Take cellular automata for example. There has been some fruitful work done on relatively simple cellular automata, and the impressive result is that systems of simple elements that obey local rules can produce very rich, complex, but understandable behavior.
So what about systems comprised not of relatively simple elements, but complex ones? Instead of cellular automata made up of cells with two or three possible states and a handful of rules, what of ones with a dozen different types of cells, arranged in some complex spatial pattern, each of which can be in one of a dozen different states, following local rules that are specific to the type and state of the cell? Contemplating a system like that, it’s hard not to consider the possibility that there are no general principles governing most or all complex systems.

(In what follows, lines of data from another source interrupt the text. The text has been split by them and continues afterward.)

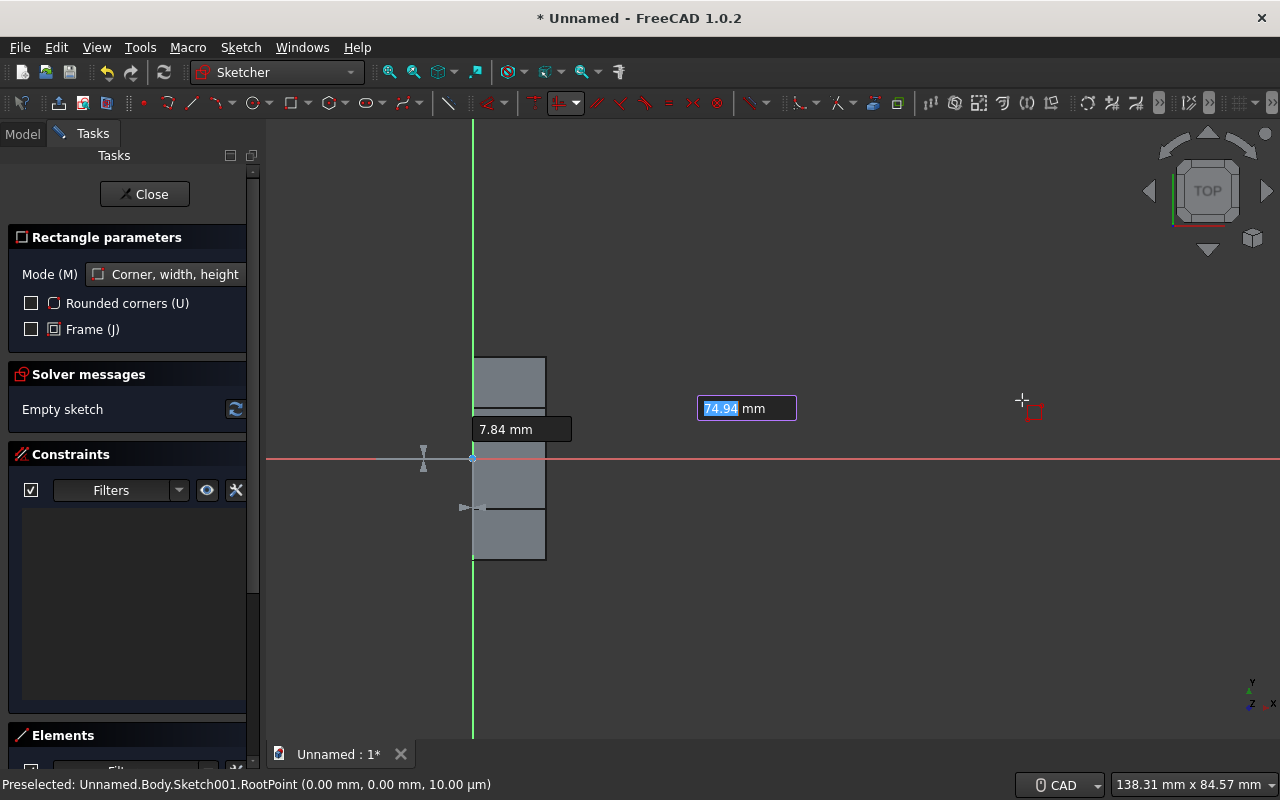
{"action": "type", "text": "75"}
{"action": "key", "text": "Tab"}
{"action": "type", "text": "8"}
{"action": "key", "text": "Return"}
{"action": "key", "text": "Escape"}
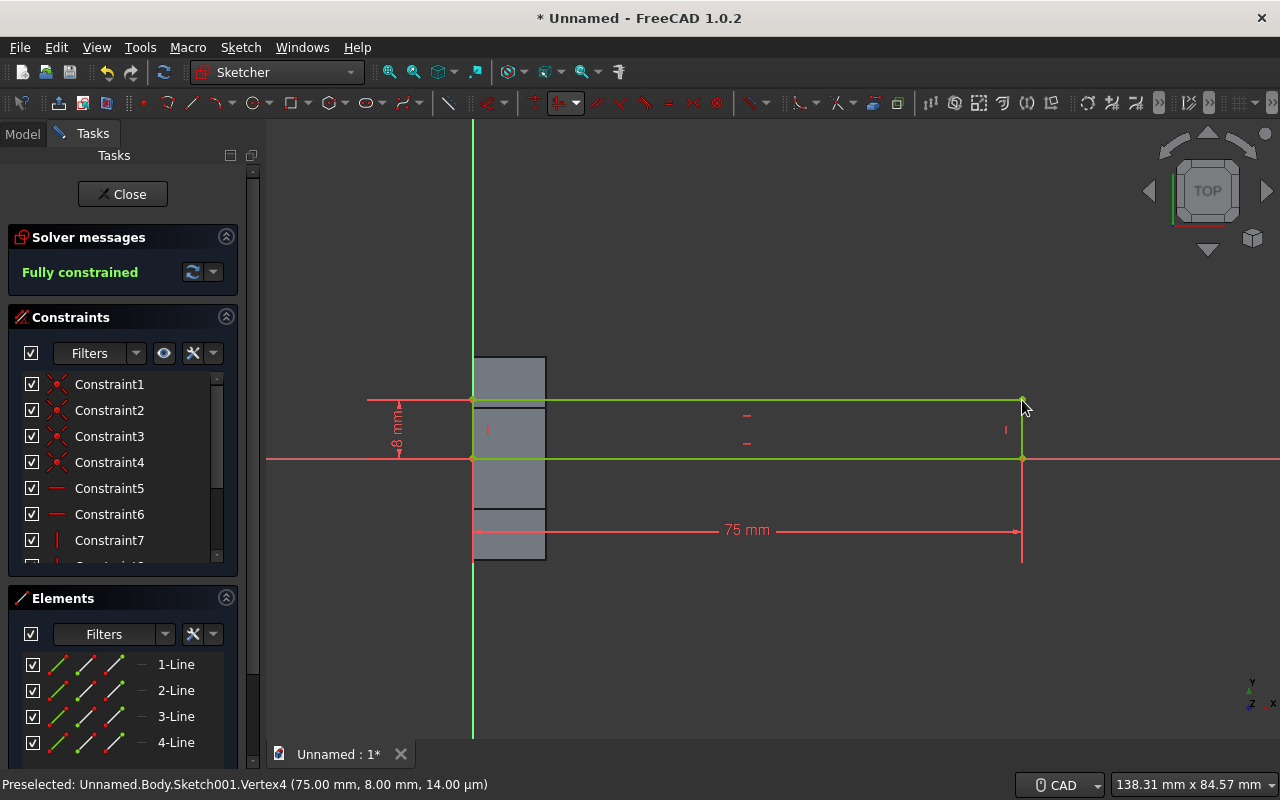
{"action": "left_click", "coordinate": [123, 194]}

The awkwardness of some attempts to apply universal principles to very different systems is particularly clear in network science. Applying a network analysis to understand the vulnerabilities of the power grid or the Internet (where the meaning of edges and nodes in the network is fairly consistent) seems natural. It’s not so natural to apply network ideas to protein-protein interaction networks (with a few limited exceptions), or genetic networks, when the relationship between nodes isn’t so consistent across the entire network. Perhaps molecular biological ‘networks’ are more like the parts of your car: is it helpful, really, to know whether the network of physical part interactions inside my Mazda 626 is scale free? Even if general principles can be found, they may not be fruitful - which is something that would certainly prevent complexity from ever being a mature science.
Second, there is a lot of fact-free science in the world of the complexity sciences. Perhaps because many complex systems researchers are so excited about focusing in on commonalities, they not only ignore system-specific details they deem irrelevant, but fail to actually learn what they’re ignoring, leaving them unable to judge how well their theories succeed, because they don’t know much about evolution or ecology or economics or whatever. There is a lot of biology tourism by some computational people who really are doing fact-free science. They are happy if they can successfully use their model to number-crunch some data set (typically the other half of the single dataset they used to train their model); they declare victory and say that their success means that some grand idea (typically untested, if not untestable) that motivated their model has been vindicated.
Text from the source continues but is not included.